You see, I’m not absolutely sure that we have seen all that you have done, or could do, for suffering humanity. It’s only my tip….
6. Can you develop a ritual?
Every movement of substance needs a form of celebration, if it is to appeal to great masses of people. I suppose that the only really big atheistic movements in recent times were Communism and Fascism. And indeed for a while they did pull young people into their ranks, with marches, flags, songs, parades, medals and orchestrated adulation of the leadership. Have you plans for a similar exercise? Always assuming, I hope, that you would avoid the persecution of non-adherents - the burning of books, the pulling down of buildings and destruction of family life that seemed to go hand in hand with these organised movements?

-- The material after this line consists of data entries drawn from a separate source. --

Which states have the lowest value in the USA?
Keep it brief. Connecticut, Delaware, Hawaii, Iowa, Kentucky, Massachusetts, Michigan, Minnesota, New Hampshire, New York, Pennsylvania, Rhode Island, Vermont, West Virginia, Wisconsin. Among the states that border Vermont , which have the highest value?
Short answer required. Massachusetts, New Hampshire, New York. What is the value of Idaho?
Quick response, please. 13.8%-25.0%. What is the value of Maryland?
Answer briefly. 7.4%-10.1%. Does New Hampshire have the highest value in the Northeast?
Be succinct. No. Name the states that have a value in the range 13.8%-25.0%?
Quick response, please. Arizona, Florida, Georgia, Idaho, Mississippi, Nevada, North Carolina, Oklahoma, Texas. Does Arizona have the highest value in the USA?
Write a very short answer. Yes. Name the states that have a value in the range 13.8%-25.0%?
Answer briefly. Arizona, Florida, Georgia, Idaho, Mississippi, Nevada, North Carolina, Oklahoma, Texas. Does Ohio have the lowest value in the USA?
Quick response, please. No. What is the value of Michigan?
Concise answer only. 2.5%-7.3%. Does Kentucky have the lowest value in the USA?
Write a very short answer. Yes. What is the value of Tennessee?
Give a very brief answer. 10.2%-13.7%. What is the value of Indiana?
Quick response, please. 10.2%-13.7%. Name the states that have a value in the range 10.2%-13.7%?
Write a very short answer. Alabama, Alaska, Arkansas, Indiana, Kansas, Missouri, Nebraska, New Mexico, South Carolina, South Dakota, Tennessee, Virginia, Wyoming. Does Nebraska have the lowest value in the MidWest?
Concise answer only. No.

So, I’d be glad to see how you celebrate your atheism. Which leads me to my last and seventh tip:
7. Let’s see some joy in your lifestyle
Oh we Christians have sometimes been accused of being kill-joys! Perhaps that has occurred when our beliefs have become rigidly nominal and mechanical. But visit a community which bears a close and personal relationship with Jesus Christ, and I would then ask whether you too have an infectious enthusiasm and joy that overspill with songs, love and practical service into the surrounding society, as theirs do, in community after community, in country after country – even when the government and the media try to shut down their operation. We have millions of martyrs on our roll of honour. I have known some of them. They were honoured to die for Christ. How far would you be prepared to be killed for your beliefs?
Are your prophets and your champions happy people? Do they come across that way? For they – and you also – will certainly need to show some joy, if others are to be drawn like a magnet into the sheer satisfaction of an atheistic world-view that really holds together and makes sense of the universe!
So, try a little harder. Seven tips, my friends. I wonder if this helps.